**Directions:**
Below are some records; quote exactly the lines from the one that contains "express or implied." through the one that contains "#include <sys/time.h></code>", inclusive, and no others.

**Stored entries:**
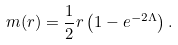<formula> <loc_0><loc_0><loc_500><loc_500>m ( r ) = \frac { 1 } { 2 } r \left ( 1 - e ^ { - 2 \Lambda } \right ) .</formula> 
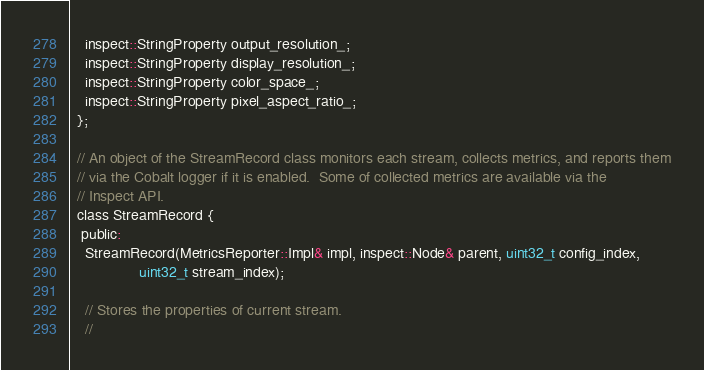Convert code to text. <code><loc_0><loc_0><loc_500><loc_500><_C_>    inspect::StringProperty output_resolution_;
    inspect::StringProperty display_resolution_;
    inspect::StringProperty color_space_;
    inspect::StringProperty pixel_aspect_ratio_;
  };

  // An object of the StreamRecord class monitors each stream, collects metrics, and reports them
  // via the Cobalt logger if it is enabled.  Some of collected metrics are available via the
  // Inspect API.
  class StreamRecord {
   public:
    StreamRecord(MetricsReporter::Impl& impl, inspect::Node& parent, uint32_t config_index,
                 uint32_t stream_index);

    // Stores the properties of current stream.
    //</code> 
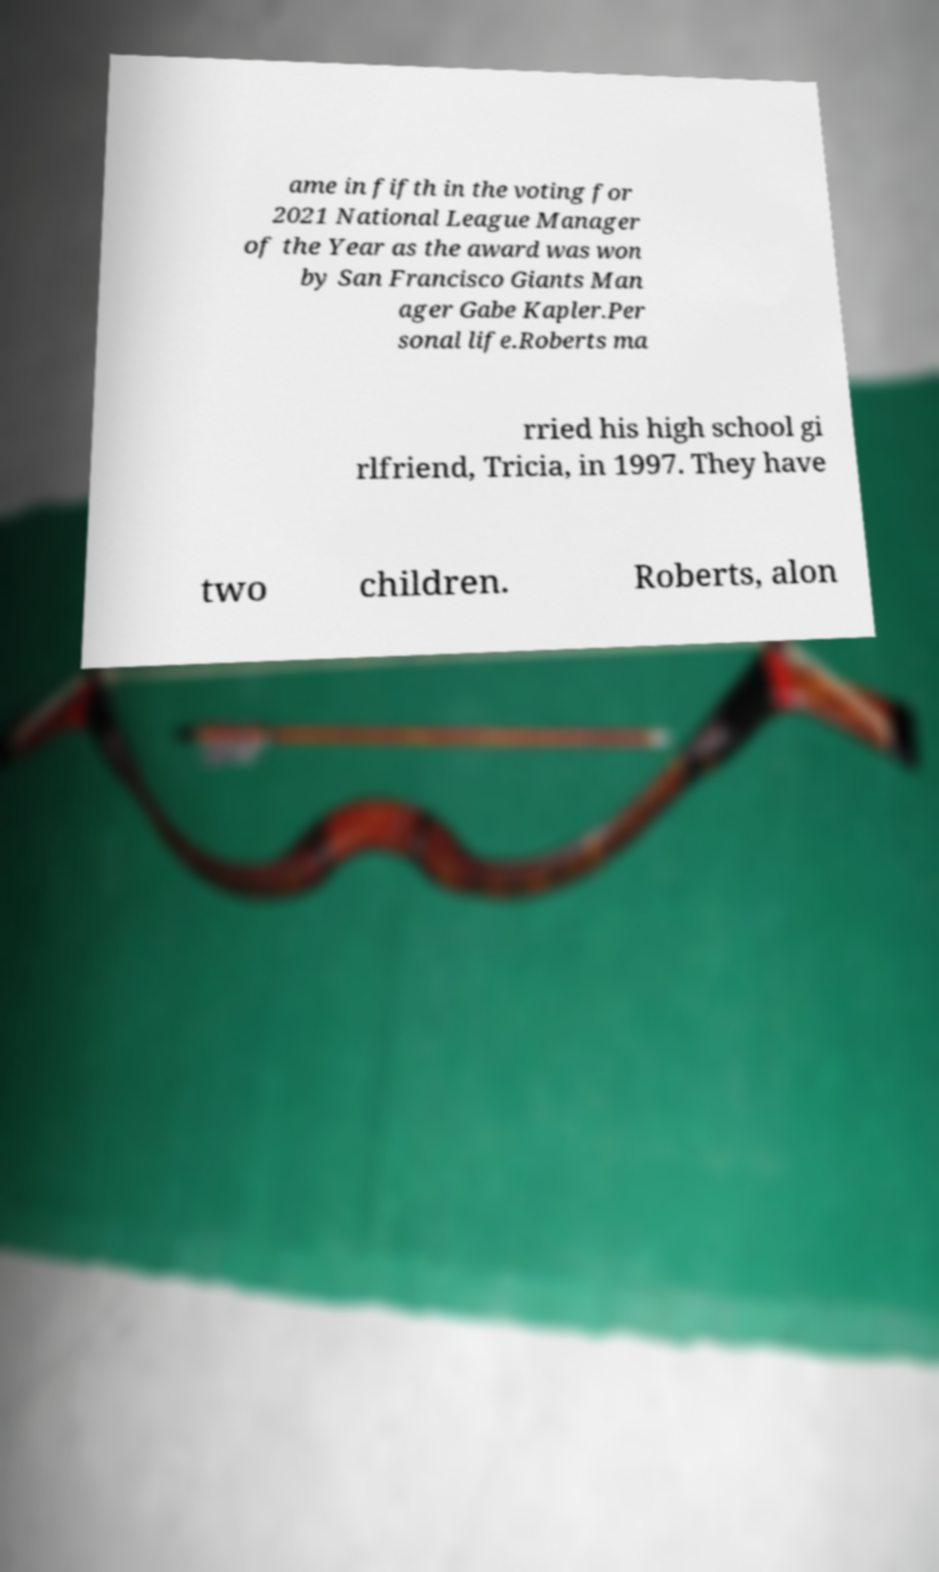Can you read and provide the text displayed in the image?This photo seems to have some interesting text. Can you extract and type it out for me? ame in fifth in the voting for 2021 National League Manager of the Year as the award was won by San Francisco Giants Man ager Gabe Kapler.Per sonal life.Roberts ma rried his high school gi rlfriend, Tricia, in 1997. They have two children. Roberts, alon 
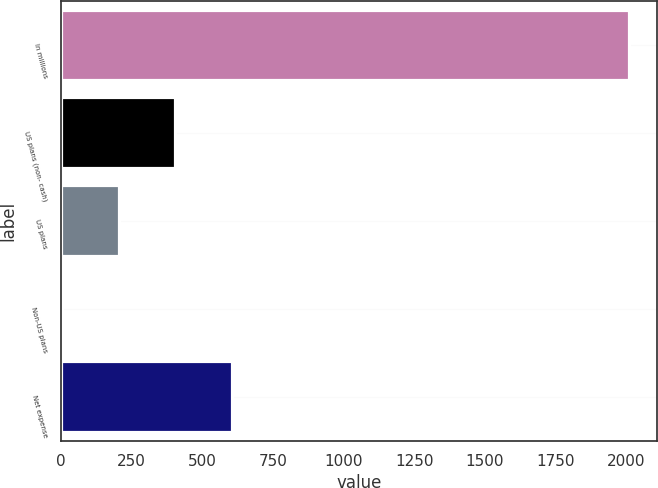Convert chart. <chart><loc_0><loc_0><loc_500><loc_500><bar_chart><fcel>In millions<fcel>US plans (non- cash)<fcel>US plans<fcel>Non-US plans<fcel>Net expense<nl><fcel>2009<fcel>404.2<fcel>203.6<fcel>3<fcel>604.8<nl></chart> 
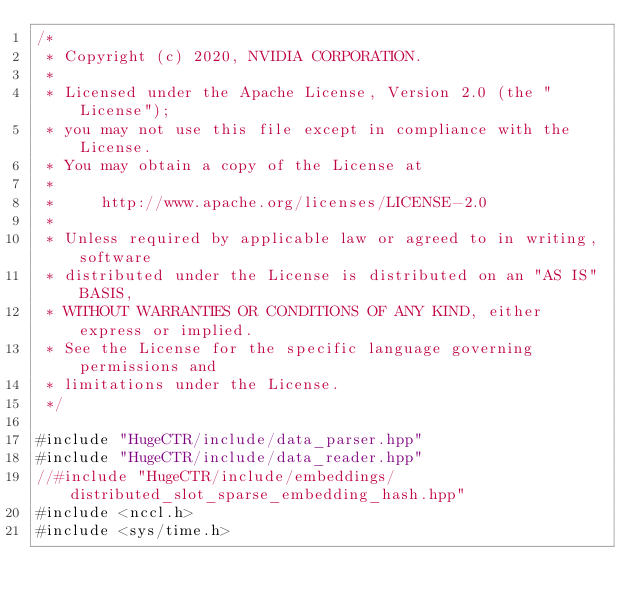<code> <loc_0><loc_0><loc_500><loc_500><_Cuda_>/*
 * Copyright (c) 2020, NVIDIA CORPORATION.
 *
 * Licensed under the Apache License, Version 2.0 (the "License");
 * you may not use this file except in compliance with the License.
 * You may obtain a copy of the License at
 *
 *     http://www.apache.org/licenses/LICENSE-2.0
 *
 * Unless required by applicable law or agreed to in writing, software
 * distributed under the License is distributed on an "AS IS" BASIS,
 * WITHOUT WARRANTIES OR CONDITIONS OF ANY KIND, either express or implied.
 * See the License for the specific language governing permissions and
 * limitations under the License.
 */

#include "HugeCTR/include/data_parser.hpp"
#include "HugeCTR/include/data_reader.hpp"
//#include "HugeCTR/include/embeddings/distributed_slot_sparse_embedding_hash.hpp"
#include <nccl.h>
#include <sys/time.h></code> 
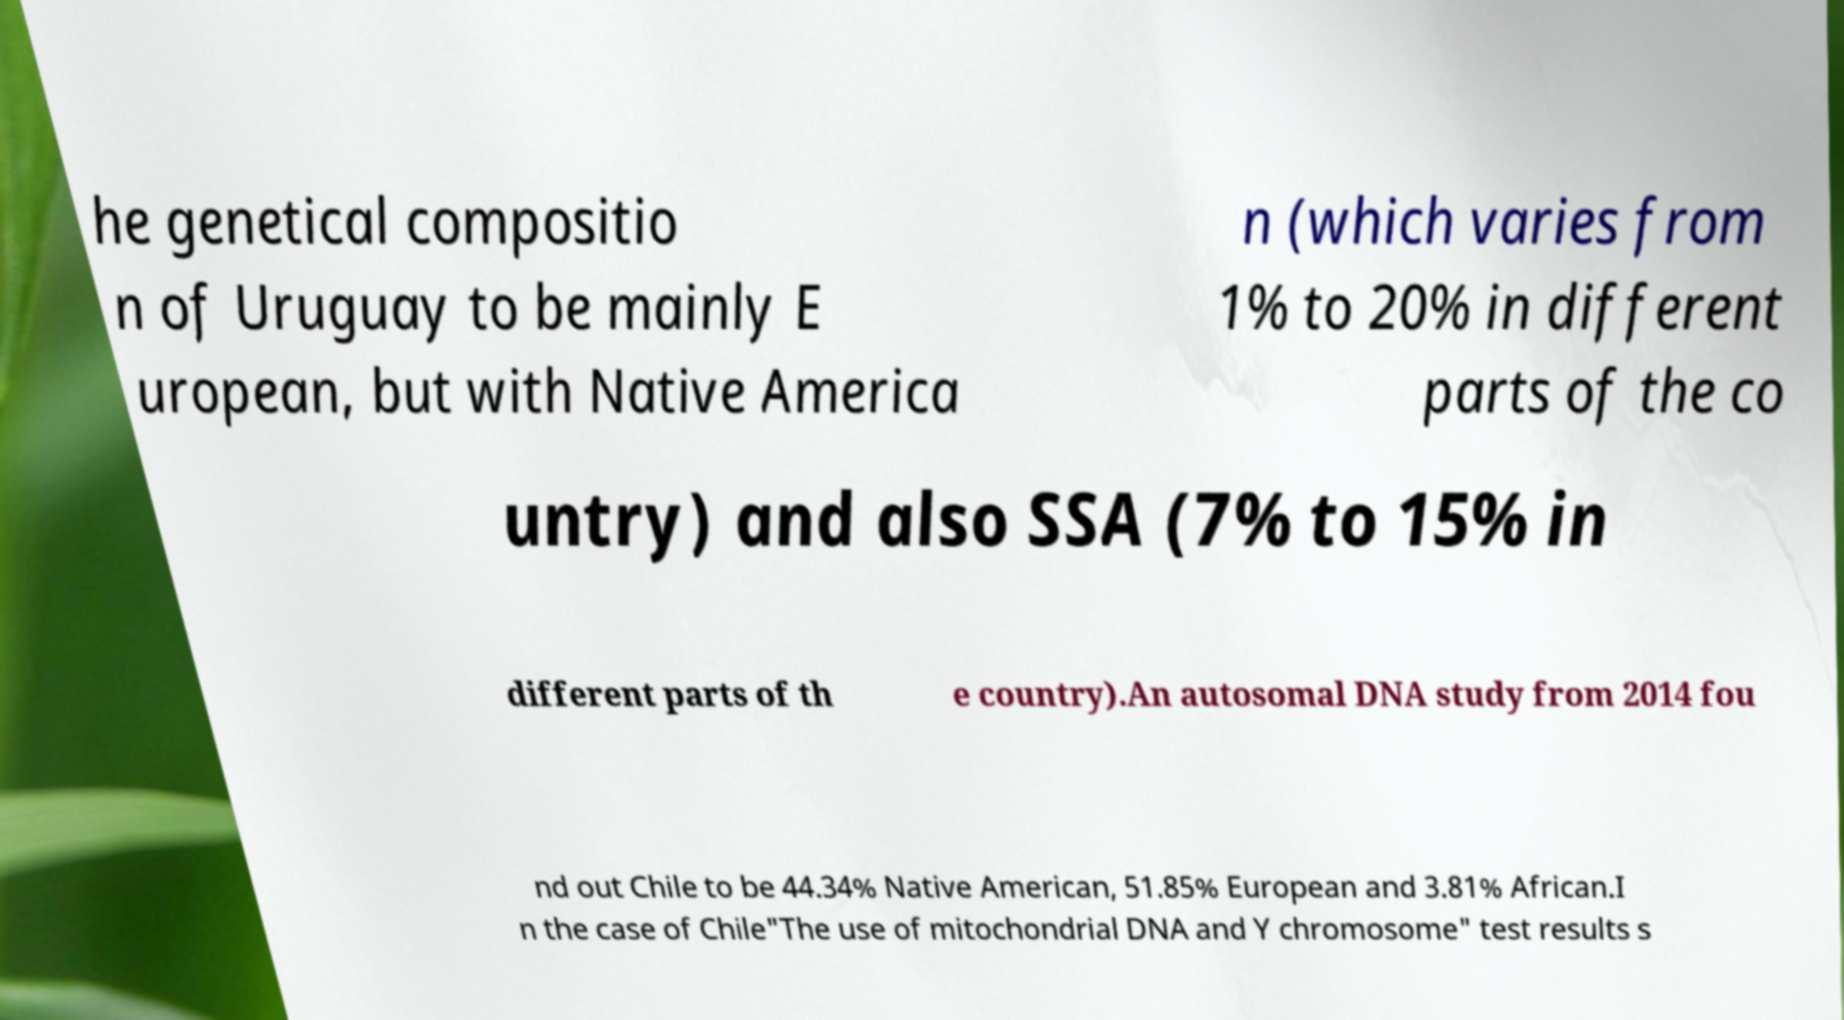For documentation purposes, I need the text within this image transcribed. Could you provide that? he genetical compositio n of Uruguay to be mainly E uropean, but with Native America n (which varies from 1% to 20% in different parts of the co untry) and also SSA (7% to 15% in different parts of th e country).An autosomal DNA study from 2014 fou nd out Chile to be 44.34% Native American, 51.85% European and 3.81% African.I n the case of Chile"The use of mitochondrial DNA and Y chromosome" test results s

**Written solution:**
 * WITHOUT WARRANTIES OR CONDITIONS OF ANY KIND, either express or implied.
 * See the License for the specific language governing permissions and
 * limitations under the License.
 */

#include "HugeCTR/include/data_parser.hpp"
#include "HugeCTR/include/data_reader.hpp"
//#include "HugeCTR/include/embeddings/distributed_slot_sparse_embedding_hash.hpp"
#include <nccl.h>
#include <sys/time.h></code> 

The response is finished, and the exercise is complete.